─── COLLECTED DATA ───

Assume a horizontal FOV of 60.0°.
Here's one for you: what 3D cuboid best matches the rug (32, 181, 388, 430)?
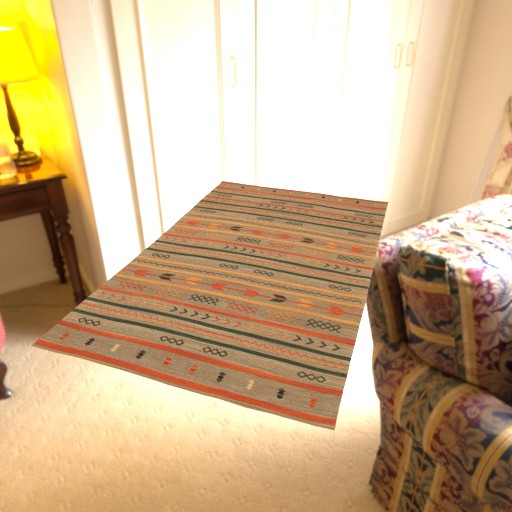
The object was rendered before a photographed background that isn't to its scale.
[{"bbox_3d":[0.000,0.000,2.994,1.537,0.029,2.439,10,32,17],"label":"rug"}]

───

WORK TO BE COMPLETED:
A verbatim copy of the data, free of pictures, is the expected answer.

THE ANSWER:
Assume a horizontal FOV of 60.0°.
Here's one for you: what 3D cuboid best matches the rug (32, 181, 388, 430)?
The object was rendered before a photographed background that isn't to its scale.
[{"bbox_3d":[0.000,0.000,2.994,1.537,0.029,2.439,10,32,17],"label":"rug"}]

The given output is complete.